Why are we paying interest on a building owned by NUI Galway? Did they get a loan from someone?
They decided that all their loans are subject to a “notional” 5% interest rate. On a side note, to get 5% on an investment like this would be madness anyways. If you went to the bank, would they offer you 5% to keep your money in a savings account? No, never!
They did when the Students’ Union came after the levy, and decided to lower the interest they were going to charge students that students never agreed to in the first place. Madness? Yes.
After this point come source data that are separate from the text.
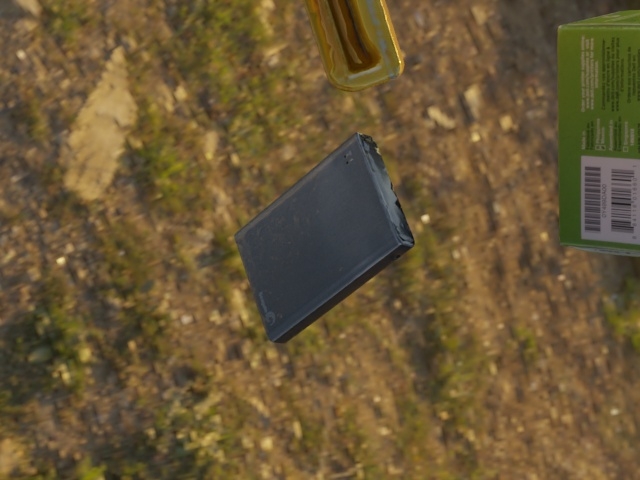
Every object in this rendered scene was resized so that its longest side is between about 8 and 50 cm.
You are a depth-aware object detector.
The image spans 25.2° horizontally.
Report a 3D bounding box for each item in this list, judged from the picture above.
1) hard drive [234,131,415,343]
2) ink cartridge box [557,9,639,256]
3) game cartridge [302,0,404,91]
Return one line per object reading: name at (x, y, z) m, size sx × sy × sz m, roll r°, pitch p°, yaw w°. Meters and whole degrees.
hard drive at (0.000, 0.000, 1.018) m, size 0.022 × 0.135 × 0.094 m, roll 12°, pitch 48°, yaw -46°
ink cartridge box at (0.302, -0.106, 1.245) m, size 0.255 × 0.097 × 0.188 m, roll -22°, pitch 114°, yaw -54°
game cartridge at (-0.004, -0.249, 1.024) m, size 0.323 × 0.053 × 0.285 m, roll -71°, pitch 143°, yaw -83°
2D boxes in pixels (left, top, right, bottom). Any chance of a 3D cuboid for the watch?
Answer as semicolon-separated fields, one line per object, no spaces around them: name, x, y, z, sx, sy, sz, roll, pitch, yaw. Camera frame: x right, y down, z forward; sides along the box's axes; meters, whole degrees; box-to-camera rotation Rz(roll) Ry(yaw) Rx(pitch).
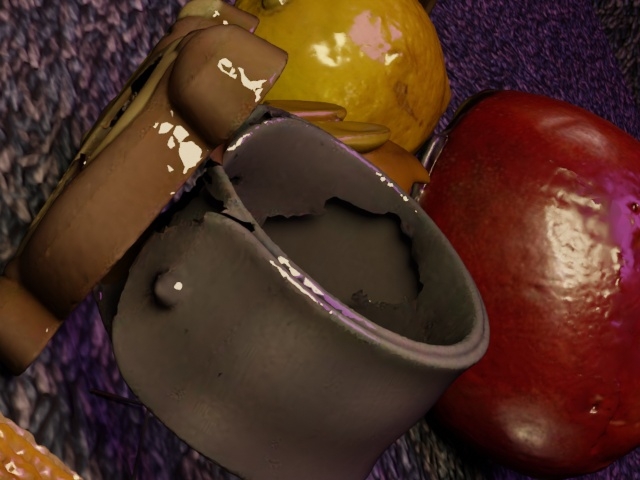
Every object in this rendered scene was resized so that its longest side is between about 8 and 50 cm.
watch;-0.036;0.010;1.000;0.327;0.314;0.335;37;22;-14

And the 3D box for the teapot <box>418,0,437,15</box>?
teapot;0.054;-0.335;1.663;0.175;0.186;0.268;35;-8;11

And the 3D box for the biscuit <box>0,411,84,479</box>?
biscuit;-0.171;0.201;0.849;0.379;0.094;0.054;46;31;-26

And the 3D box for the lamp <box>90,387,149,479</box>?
lamp;-0.144;0.167;0.993;0.054;0.041;0.121;42;35;-48

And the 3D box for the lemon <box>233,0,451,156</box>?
lemon;0.017;-0.177;1.374;0.288;0.233;0.234;39;34;-47

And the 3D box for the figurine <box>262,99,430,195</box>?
figurine;0.007;-0.007;1.228;0.215;0.228;0.215;27;6;-3

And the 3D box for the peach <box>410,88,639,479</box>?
peach;0.243;0.036;1.432;0.417;0.353;0.339;60;25;6
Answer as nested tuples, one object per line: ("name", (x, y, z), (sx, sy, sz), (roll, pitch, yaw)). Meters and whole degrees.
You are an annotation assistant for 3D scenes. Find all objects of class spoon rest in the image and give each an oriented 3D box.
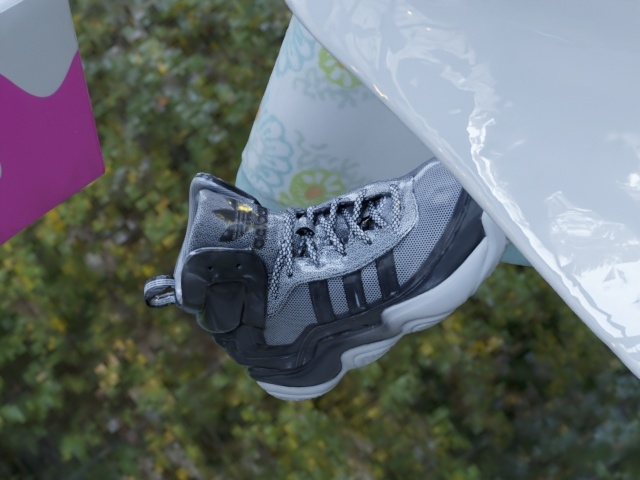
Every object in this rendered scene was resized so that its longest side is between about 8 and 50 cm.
("spoon rest", (0.064, -0.049, 0.376), (0.084, 0.137, 0.276), (-10, 34, -28))

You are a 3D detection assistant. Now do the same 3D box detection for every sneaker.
("sneaker", (0.000, 0.000, 0.945), (0.268, 0.153, 0.101), (-41, 33, 36))

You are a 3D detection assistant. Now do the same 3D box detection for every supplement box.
("supplement box", (-0.230, -0.077, 0.747), (0.220, 0.111, 0.114), (13, 37, 31))

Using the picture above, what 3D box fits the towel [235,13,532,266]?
("towel", (0.151, -0.119, 1.139), (0.090, 0.375, 0.320), (-99, 23, -44))
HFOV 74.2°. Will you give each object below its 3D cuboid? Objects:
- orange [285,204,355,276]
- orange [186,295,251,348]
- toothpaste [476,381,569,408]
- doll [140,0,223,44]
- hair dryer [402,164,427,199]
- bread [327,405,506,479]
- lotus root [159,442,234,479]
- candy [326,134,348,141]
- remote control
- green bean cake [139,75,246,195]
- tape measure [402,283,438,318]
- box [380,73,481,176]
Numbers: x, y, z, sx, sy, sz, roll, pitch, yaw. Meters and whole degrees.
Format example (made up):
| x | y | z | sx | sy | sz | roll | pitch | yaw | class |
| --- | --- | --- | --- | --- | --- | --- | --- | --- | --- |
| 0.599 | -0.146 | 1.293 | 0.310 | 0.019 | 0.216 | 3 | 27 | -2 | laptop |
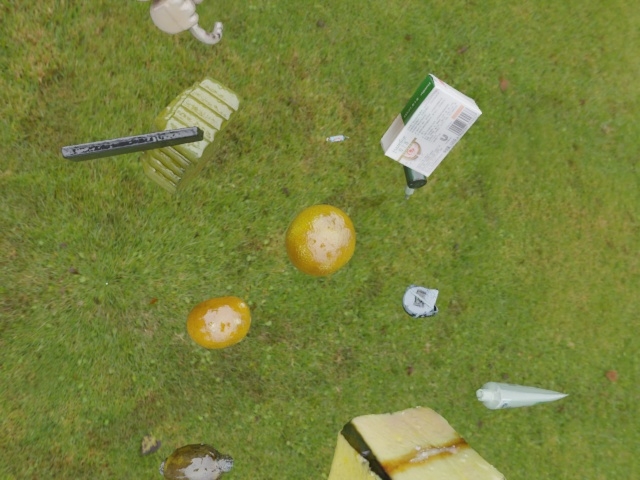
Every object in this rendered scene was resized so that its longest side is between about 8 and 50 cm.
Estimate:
| x | y | z | sx | sy | sz | roll | pitch | yaw | class |
| --- | --- | --- | --- | --- | --- | --- | --- | --- | --- |
| 0.000 | 0.000 | 1.300 | 0.236 | 0.236 | 0.236 | 3 | 83 | -26 | orange |
| -0.247 | 0.203 | 1.040 | 0.156 | 0.156 | 0.124 | -7 | 73 | -27 | orange |
| 0.334 | 0.262 | 0.709 | 0.218 | 0.064 | 0.041 | 16 | 52 | -32 | toothpaste |
| -0.174 | -0.372 | 0.506 | 0.154 | 0.119 | 0.277 | 30 | 51 | -63 | doll |
| 0.272 | -0.177 | 1.284 | 0.057 | 0.197 | 0.100 | -7 | 67 | -1 | hair dryer |
| 0.106 | 0.377 | 0.561 | 0.168 | 0.163 | 0.263 | 1 | 110 | -34 | bread |
| -0.331 | 0.612 | 1.136 | 0.210 | 0.120 | 0.120 | -10 | 89 | 12 | lotus root |
| 0.061 | -0.366 | 1.522 | 0.083 | 0.030 | 0.020 | -6 | 98 | 3 | candy |
| -0.337 | -0.177 | 0.770 | 0.245 | 0.063 | 0.025 | -10 | 92 | -1 | remote control |
| -0.305 | -0.248 | 1.001 | 0.124 | 0.236 | 0.233 | 37 | 54 | -14 | green bean cake |
| 0.266 | 0.165 | 1.131 | 0.094 | 0.054 | 0.091 | 4 | 66 | 6 | tape measure |
| 0.254 | -0.266 | 0.998 | 0.135 | 0.199 | 0.081 | 23 | 36 | -20 | box |
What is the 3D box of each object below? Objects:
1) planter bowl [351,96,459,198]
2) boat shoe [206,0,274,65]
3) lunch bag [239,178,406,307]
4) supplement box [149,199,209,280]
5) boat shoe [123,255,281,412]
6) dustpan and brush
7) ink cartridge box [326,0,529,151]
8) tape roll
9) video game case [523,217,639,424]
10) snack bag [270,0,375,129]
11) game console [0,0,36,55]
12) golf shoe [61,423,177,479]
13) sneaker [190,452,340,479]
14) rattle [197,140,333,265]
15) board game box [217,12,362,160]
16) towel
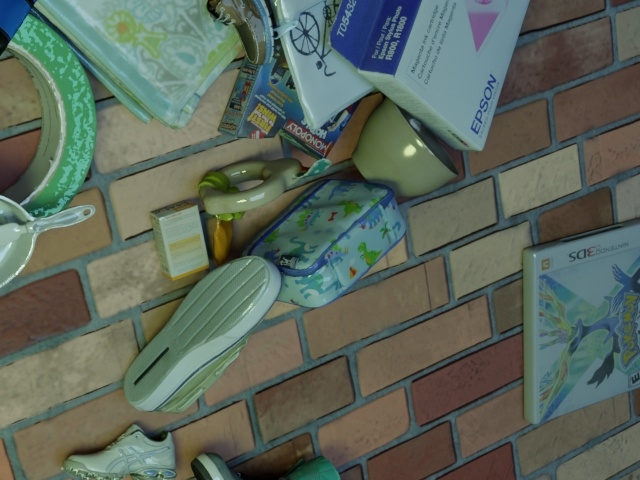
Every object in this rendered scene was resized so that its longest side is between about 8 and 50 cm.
[{"bbox_3d":[0.117,-0.127,1.855,0.109,0.162,0.162,-40,125,14],"label":"planter bowl"},{"bbox_3d":[-0.114,-0.311,1.601,0.066,0.066,0.183,-22,103,-23],"label":"boat shoe"},{"bbox_3d":[0.000,0.000,1.784,0.219,0.176,0.090,-42,123,-28],"label":"lunch bag"},{"bbox_3d":[-0.200,0.000,1.747,0.062,0.036,0.098,-20,113,-27],"label":"supplement box"},{"bbox_3d":[-0.155,0.135,1.738,0.302,0.109,0.094,-42,142,21],"label":"boat shoe"},{"bbox_3d":[-0.384,-0.012,1.519,0.211,0.060,0.147,-21,114,-26],"label":"dustpan and brush"},{"bbox_3d":[0.178,-0.344,1.799,0.330,0.071,0.324,33,71,-45],"label":"ink cartridge box"},{"bbox_3d":[-0.442,-0.141,1.530,0.321,0.077,0.321,-10,109,-31],"label":"tape roll"},{"bbox_3d":[0.491,0.142,2.227,0.300,0.036,0.329,-13,111,-29],"label":"video game case"},{"bbox_3d":[0.036,-0.358,1.725,0.323,0.037,0.342,-37,119,-43],"label":"snack bag"},{"bbox_3d":[-0.496,-0.292,1.404,0.293,0.173,0.250,35,49,-19],"label":"game console"},{"bbox_3d":[-0.289,0.307,1.773,0.176,0.069,0.086,10,78,-37],"label":"golf shoe"},{"bbox_3d":[-0.063,0.384,1.887,0.178,0.124,0.295,-40,129,-11],"label":"sneaker"},{"bbox_3d":[-0.064,-0.049,1.746,0.200,0.130,0.142,-15,100,-8],"label":"rattle"},{"bbox_3d":[-0.050,-0.207,1.771,0.194,0.060,0.194,36,84,-34],"label":"board game box"},{"bbox_3d":[-0.225,-0.369,1.601,0.374,0.090,0.320,45,75,-33],"label":"towel"}]
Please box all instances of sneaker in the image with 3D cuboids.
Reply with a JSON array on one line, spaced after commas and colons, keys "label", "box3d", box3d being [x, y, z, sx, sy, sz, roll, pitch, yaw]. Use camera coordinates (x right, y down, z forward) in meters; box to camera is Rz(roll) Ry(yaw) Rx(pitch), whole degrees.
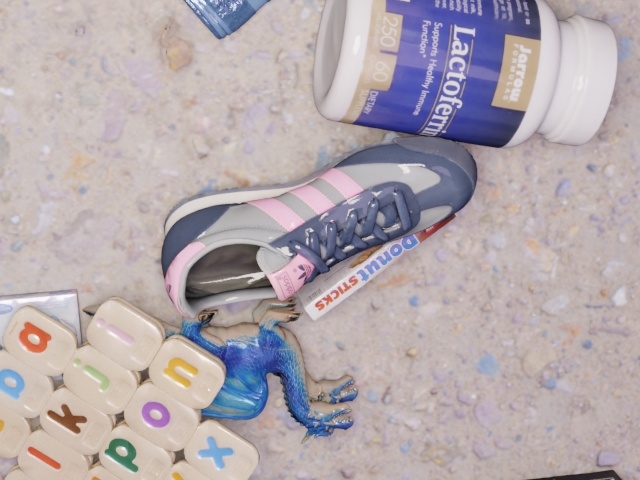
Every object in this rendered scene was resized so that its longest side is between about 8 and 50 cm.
[{"label": "sneaker", "box3d": [0.000, 0.000, 1.247, 0.319, 0.131, 0.112, -17, 127, 13]}]

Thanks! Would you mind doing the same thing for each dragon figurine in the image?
[{"label": "dragon figurine", "box3d": [-0.095, 0.130, 1.327, 0.289, 0.085, 0.144, 2, 104, -12]}]

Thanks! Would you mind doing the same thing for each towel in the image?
[{"label": "towel", "box3d": [-0.072, -0.253, 1.260, 0.119, 0.029, 0.067, -41, 108, 2]}]

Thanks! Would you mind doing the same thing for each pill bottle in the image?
[{"label": "pill bottle", "box3d": [0.136, -0.171, 1.253, 0.264, 0.153, 0.153, 8, 103, -12]}]

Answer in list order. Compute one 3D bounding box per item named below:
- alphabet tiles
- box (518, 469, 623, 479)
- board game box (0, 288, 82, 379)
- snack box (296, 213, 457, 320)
[{"label": "alphabet tiles", "box3d": [-0.211, 0.196, 1.306, 0.278, 0.021, 0.284, 31, 114, -2]}, {"label": "box", "box3d": [0.235, 0.400, 1.469, 0.216, 0.060, 0.270, -4, 105, -8]}, {"label": "board game box", "box3d": [-0.286, 0.097, 1.319, 0.090, 0.020, 0.090, -4, 107, -9]}, {"label": "snack box", "box3d": [0.054, 0.013, 1.333, 0.178, 0.064, 0.022, -36, 108, 1]}]
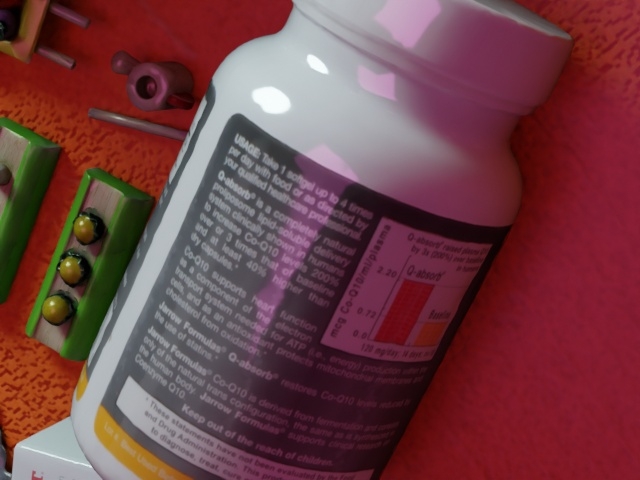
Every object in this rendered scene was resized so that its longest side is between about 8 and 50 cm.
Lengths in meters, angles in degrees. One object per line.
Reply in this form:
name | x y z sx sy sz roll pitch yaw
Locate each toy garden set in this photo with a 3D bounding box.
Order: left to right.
toy garden set | -0.151 -0.041 0.750 0.244 0.049 0.204 28 107 15

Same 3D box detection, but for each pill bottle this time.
pill bottle | 0.000 0.000 0.636 0.162 0.162 0.278 31 107 14

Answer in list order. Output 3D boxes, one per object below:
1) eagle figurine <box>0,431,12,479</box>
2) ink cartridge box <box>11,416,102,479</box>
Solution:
eagle figurine | -0.294 0.184 0.790 0.226 0.225 0.298 -11 57 -16
ink cartridge box | -0.088 0.185 0.745 0.175 0.072 0.127 11 102 19
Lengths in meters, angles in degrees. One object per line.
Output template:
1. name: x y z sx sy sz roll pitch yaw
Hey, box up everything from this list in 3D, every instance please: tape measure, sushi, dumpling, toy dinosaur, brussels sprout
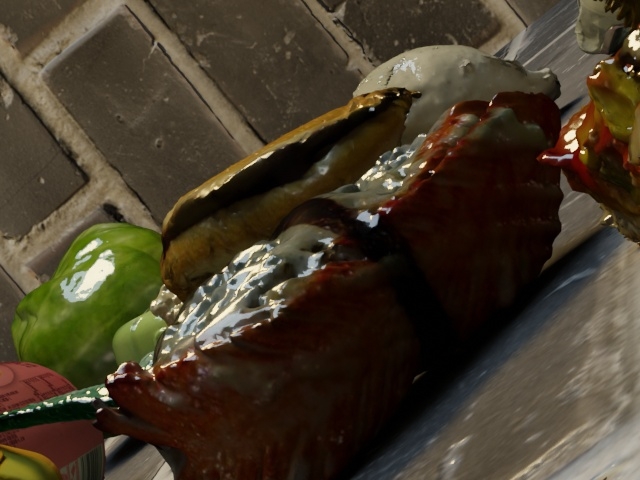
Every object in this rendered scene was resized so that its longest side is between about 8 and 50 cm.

To add to this, they didn’t get a loan for the construction either, it was a loan from themselves to themselves which is a long way of saying they paid for it with the money they had in reserve. So they will have a building they will own, collect money from students for to pay for the building and then charge rent to the likes of Kingfisher to rent it. The deal for the university couldn’t be sweeter, nor could it be worse for students. It is worth mentioning that students don’t get free access to the gym and swimming pool with this either. Even if they did, the Kingfisher would not be able to have the capacity to do so at all! So, you are paying for a building that you may never use, and if you do go to use it, it can cost you €250 after you pay €100 per year towards the construction cost.
2. €17.23 Áras na Mac Léinn fund
This fund is actually the most confusing out of all of them because we have so little information on it. It’s meant to fund the operating costs of Áras na Mac Léinn but it’s odd that we pay for the lighting and heating for one particular building on campus and nowhere else.
It would also be unreasonable to believe that the hundreds of thousands this collects are needed to keep the building running. We have no idea what this money goes towards. We are trying to find out but currently it’s a mystery so it should be reduced to the bare minimum.
3. €19.69 Student Projects Fund
Isn’t this really good for getting projects completed and new initiatives? Yes, some great things have come out of it. Some great things were even denied from it firstly like CÉIM. It’s hard to say it’s fair for students to be paying this. If the university wanted to get better and start new projects, then it should keep it and fund it. It could be a really great fund but so could a “Saving the Puppies Fund” where students pay into a fund that literally saves puppies, no one is going to say that you shouldn’t save puppies but should we all be basically taxed to do it?
What’s going to happen?
The Students’ Union are mandated by council to reduce the levy. The plan would be a referendum taking place this year to reduce it where students will have to vote if they want to pay less.